The purpose of the present invention is the improvement of the fitting for snap engagement of armored cable to a panel. Specifically, the fitting has been modified to allow unimpeded outward flexing of the cable locking tangs while at the same time allowing insertion of multiple fittings into a panel in close proximity to one another.
These and other advantages will become apparent by reading the attached specification and claims in conjunction with reference to the attached drawings.
The present invention comprises a fitting that provides a trailing end designed for easy snap-in engagement of armored cable of the type that includes a convoluted surface having trough areas and crown areas.

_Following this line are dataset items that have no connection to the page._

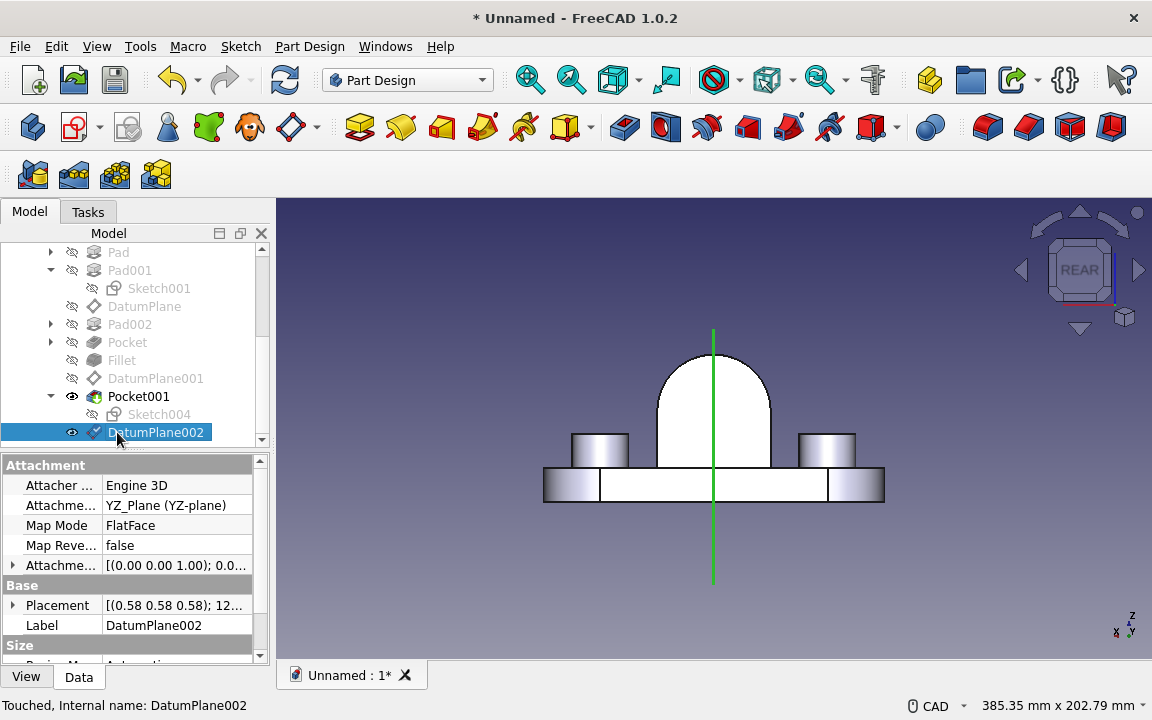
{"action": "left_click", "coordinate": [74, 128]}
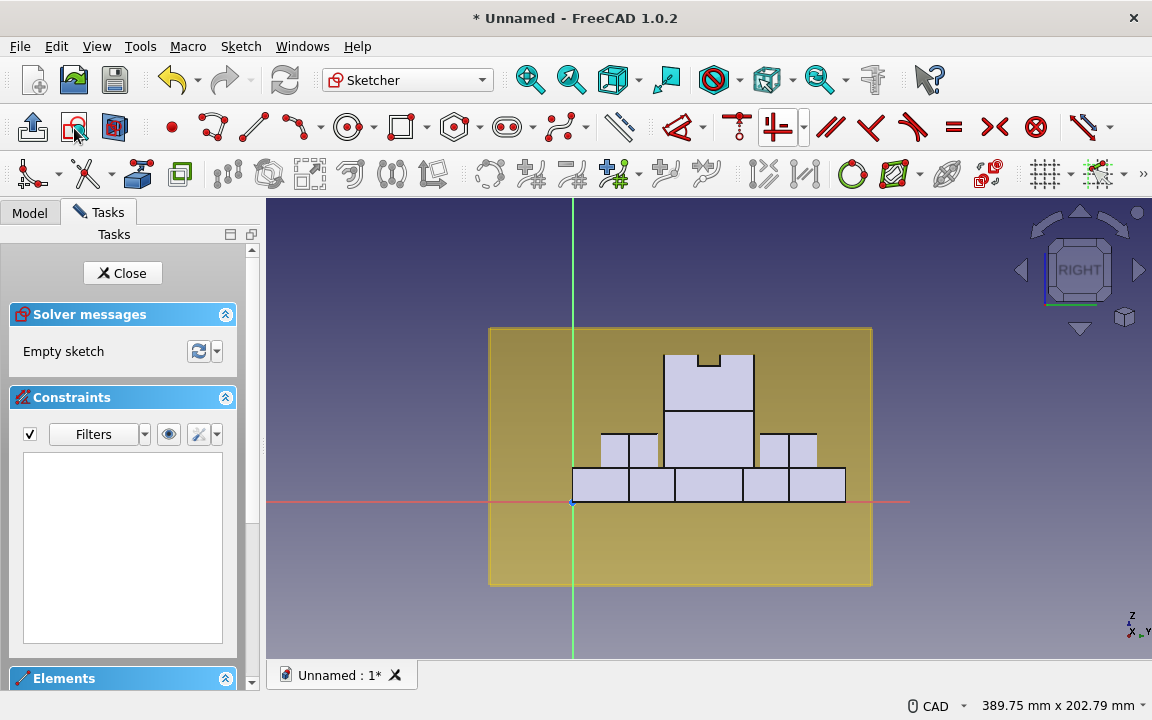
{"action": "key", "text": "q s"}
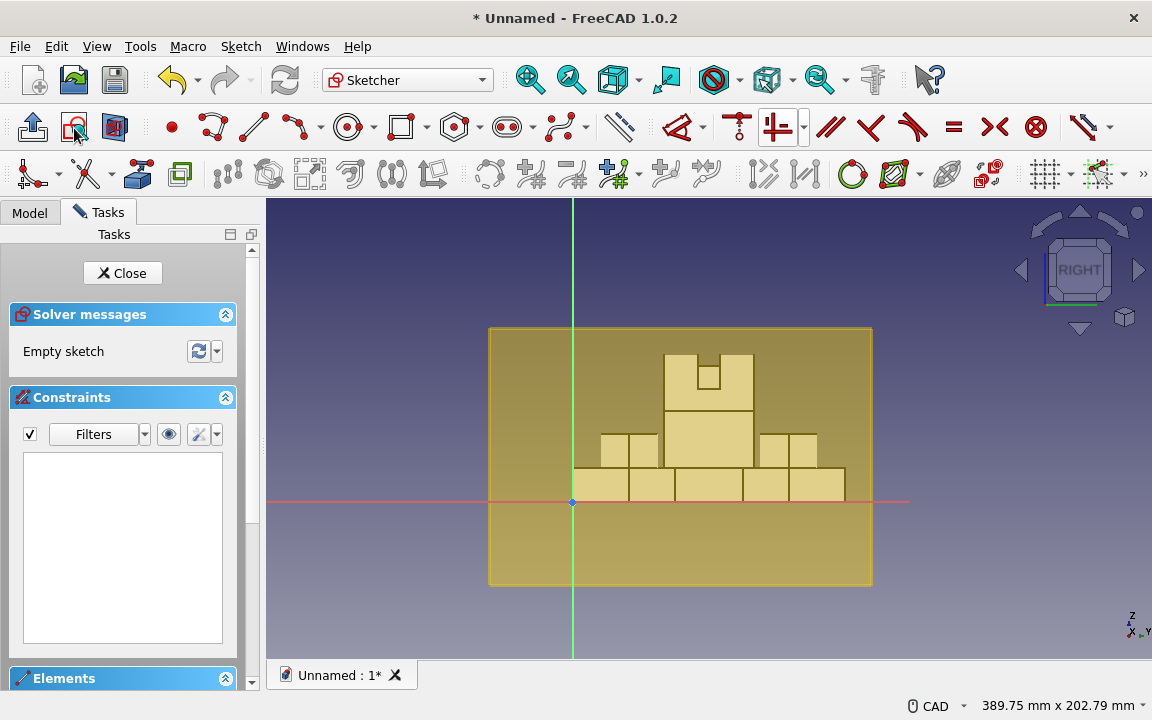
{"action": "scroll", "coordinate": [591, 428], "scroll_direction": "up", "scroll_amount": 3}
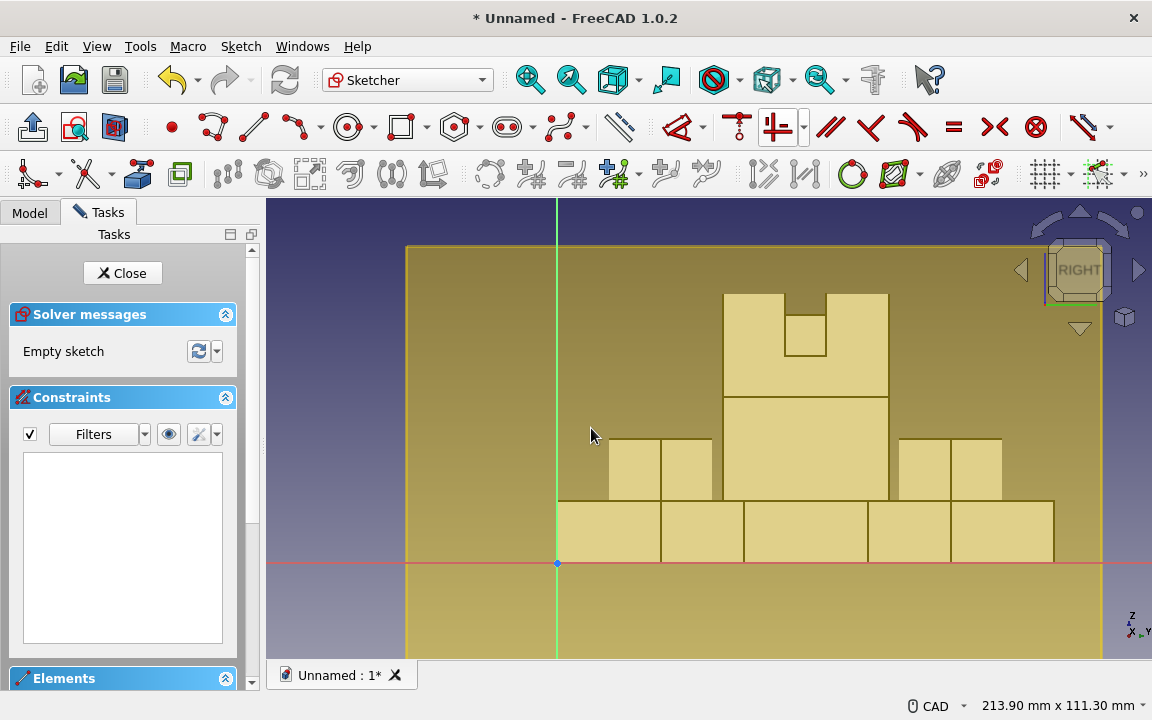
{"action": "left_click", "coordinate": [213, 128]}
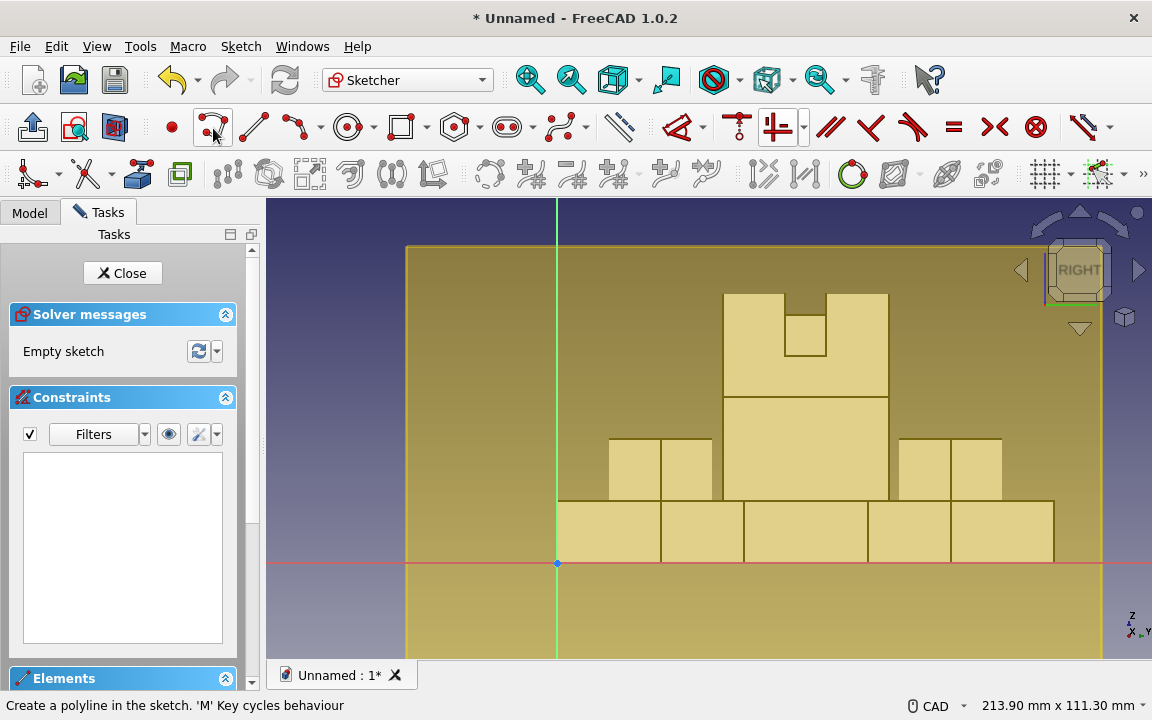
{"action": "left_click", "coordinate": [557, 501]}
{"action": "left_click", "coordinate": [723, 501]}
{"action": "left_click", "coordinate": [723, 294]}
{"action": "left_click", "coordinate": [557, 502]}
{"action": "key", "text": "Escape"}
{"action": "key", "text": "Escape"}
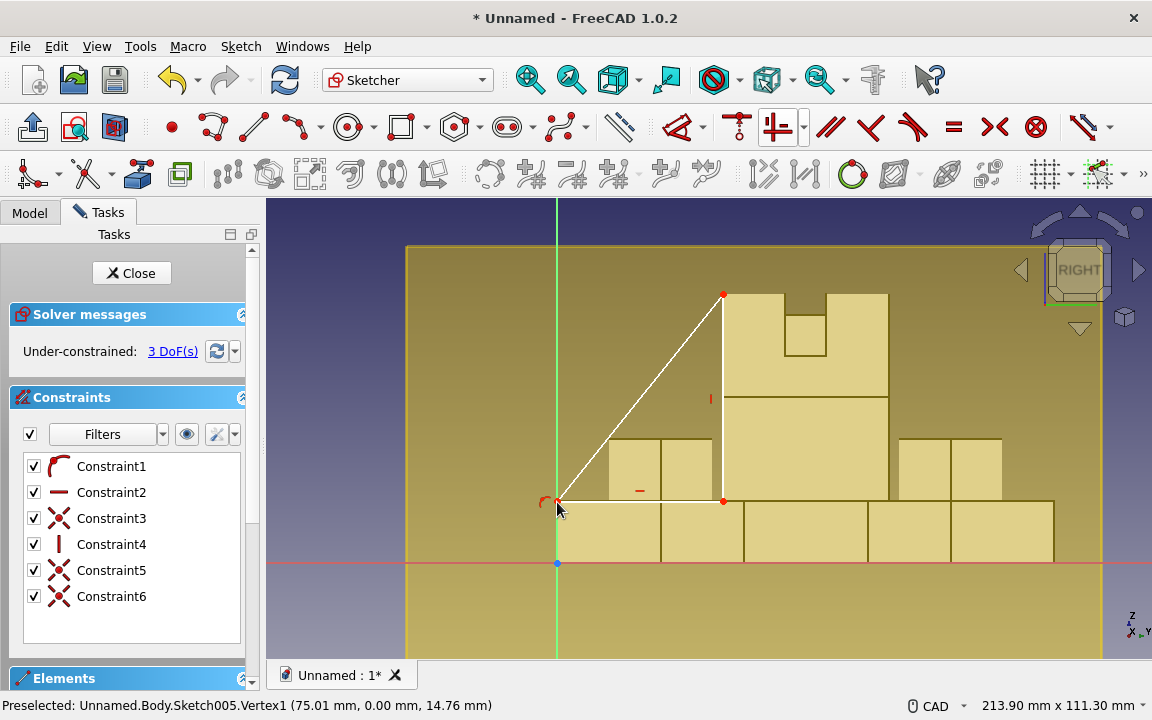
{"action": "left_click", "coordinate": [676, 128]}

The fitting comprises a hollow, tubular, electrically conductive electrical connector having a leading for connecting to a panel and a trailing end for accepting armored cable. A fastening arrangement is provided on the leading end to allow snap-in engagement to a panel. A resilient, electrically conductive, generally cylindrical-shaped split snap ring is secured within the trailing end of the connector. The split snap ring may be described as having a longitudinal axis there through the axial center of the ring. A plurality of locking tangs are lanced longitudinally and bent inwardly to a smaller diameter than the outer diameter of armored cable that the fitting will be used in conjunction with. Edges of the locking tangs are staggered longitudinally within the tubular connector to enable each tang to engage a trough in the surface of the armored cable and thereby hold it fast to the trailing end of connector. The fastening arrangement on the leading end of the fitting is typically a split ring affixed to the nose of the connector. The connector, split ring affixed to the nose of the connector, and the split ring secured within the trailing end of the connector comprise the fitting of the present invention that provides snap-in engagement on both ends of the fitting. The fitting allows the leading end of the connector to be snapped into a standard sized aperture in a panel and also allows armored cable to be snapped into its trailing end. The tight engagement of the locking tangs to the trough areas of the cable provide good surface contact between the locking tangs and the cable, thereby improving continuity and lowering the millivolt drop between the cable, the fitting, and the panel.